# Task to carry out
Before printing, remove every picture; then print the lines below exactly, from the first line through the line containing "1393, 1087, 1432]".

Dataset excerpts
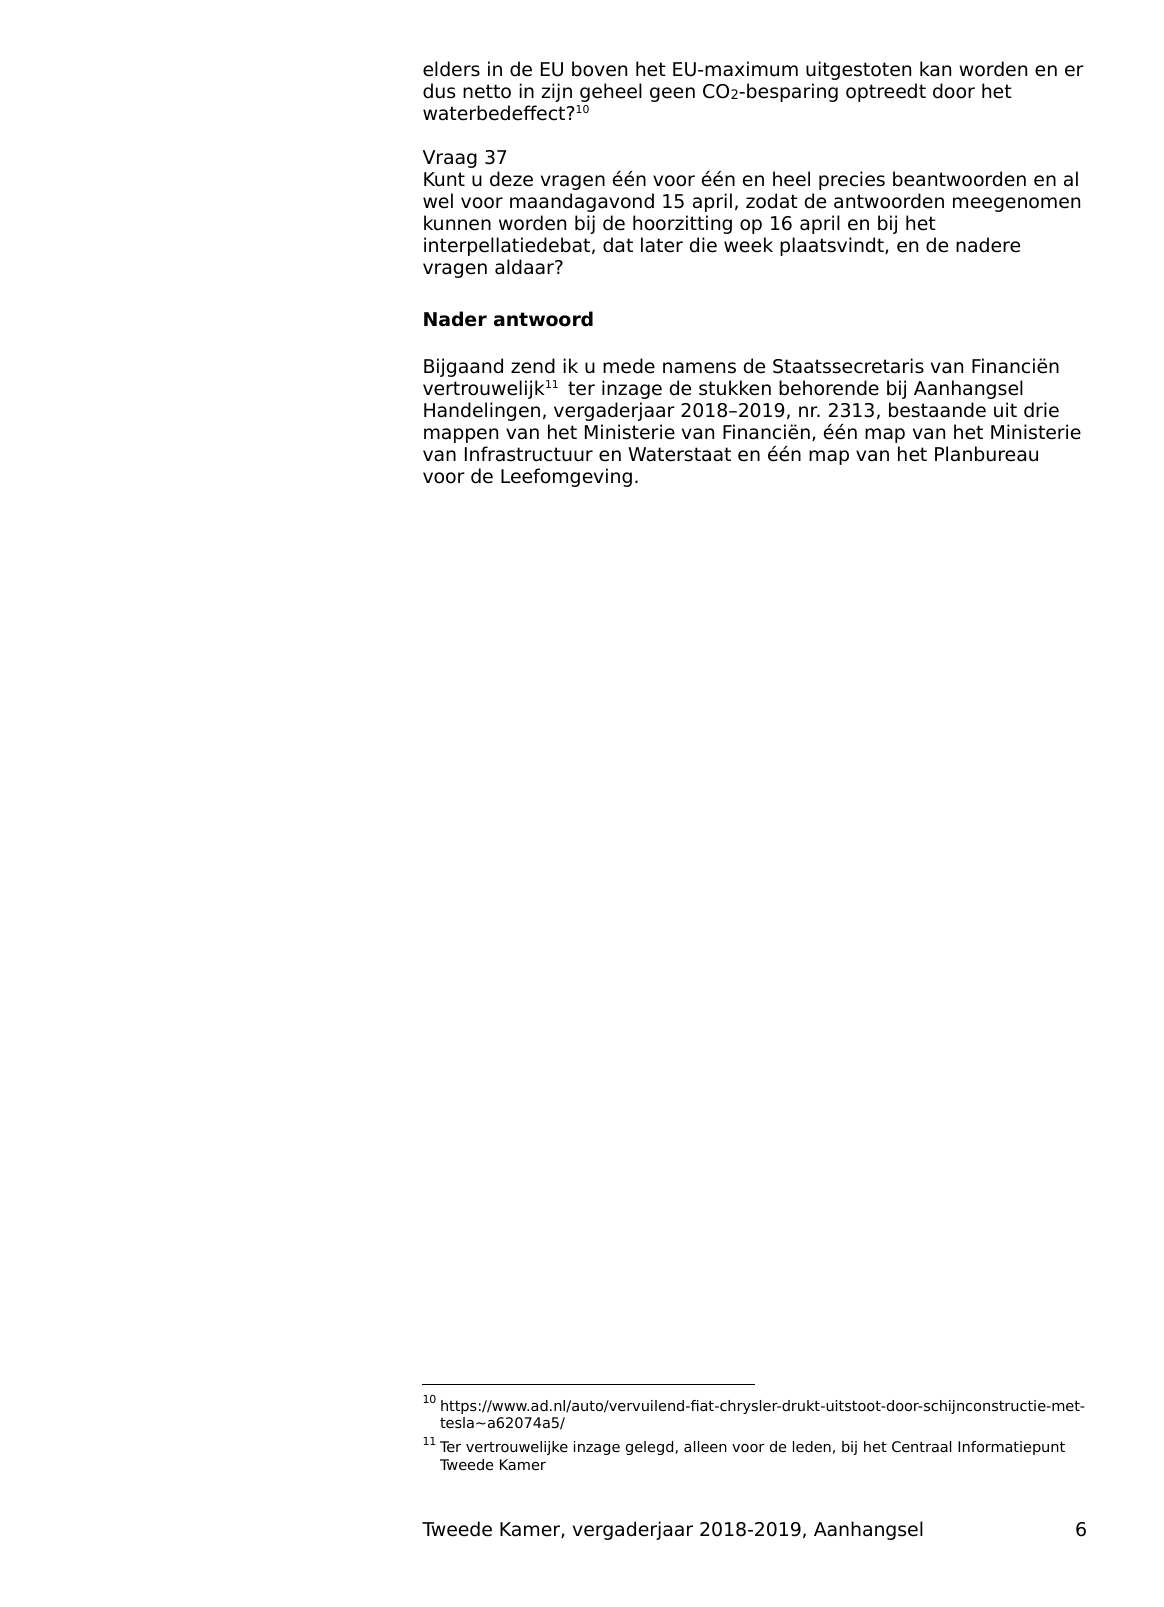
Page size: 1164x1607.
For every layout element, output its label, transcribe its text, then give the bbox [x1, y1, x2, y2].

subtitle Nader antwoord [422, 309, 1087, 331]
text Ter vertrouwelijke inzage gelegd, alleen voor de leden, bij het Centraal Informatiepunt Tweede Kamer [422, 1435, 1087, 1474]
text Bijgaand zend ik u mede namens de Staatssecretaris van Financiën vertrouwelijk ter inzage de stukken behorende bij Aanhangsel Handelingen, vergaderjaar 2018–2019, nr. 2313, bestaande uit drie mappen van het Ministerie van Financiën, één map van het Ministerie van Infrastructuur en Waterstaat en één map van het Planbureau voor de Leefomgeving. [422, 356, 1087, 488]
text Kunt u deze vragen één voor één en heel precies beantwoorden en al wel voor maandagavond 15 april, zodat de antwoorden meegenomen kunnen worden bij de hoorzitting op 16 april en bij het interpellatiedebat, dat later die week plaatsvindt, en de nadere vragen aldaar? [422, 169, 1087, 279]
text Vraag 37 [422, 147, 1087, 169]
text https://www.ad.nl/auto/vervuilend-fiat-chrysler-drukt-uitstoot-door-schijnconstructie-met-tesla~a62074a5/ [422, 1393, 1087, 1432]
text elders in de EU boven het EU-maximum uitgestoten kan worden en er dus netto in zijn geheel geen CO2-besparing optreedt door het waterbedeffect? [422, 59, 1087, 125]

# Task solution
Page size: 1164x1607.
For every layout element, output its label, transcribe its text, then give the bbox [x1, y1, x2, y2].

subtitle Nader antwoord [422, 309, 1087, 331]
text Ter vertrouwelijke inzage gelegd, alleen voor de leden, bij het Centraal Informatiepunt Tweede Kamer [422, 1435, 1087, 1474]
text Bijgaand zend ik u mede namens de Staatssecretaris van Financiën vertrouwelijk ter inzage de stukken behorende bij Aanhangsel Handelingen, vergaderjaar 2018–2019, nr. 2313, bestaande uit drie mappen van het Ministerie van Financiën, één map van het Ministerie van Infrastructuur en Waterstaat en één map van het Planbureau voor de Leefomgeving. [422, 356, 1087, 488]
text Kunt u deze vragen één voor één en heel precies beantwoorden en al wel voor maandagavond 15 april, zodat de antwoorden meegenomen kunnen worden bij de hoorzitting op 16 april en bij het interpellatiedebat, dat later die week plaatsvindt, en de nadere vragen aldaar? [422, 169, 1087, 279]
text Vraag 37 [422, 147, 1087, 169]
text https://www.ad.nl/auto/vervuilend-fiat-chrysler-drukt-uitstoot-door-schijnconstructie-met-tesla~a62074a5/ [422, 1393, 1087, 1432]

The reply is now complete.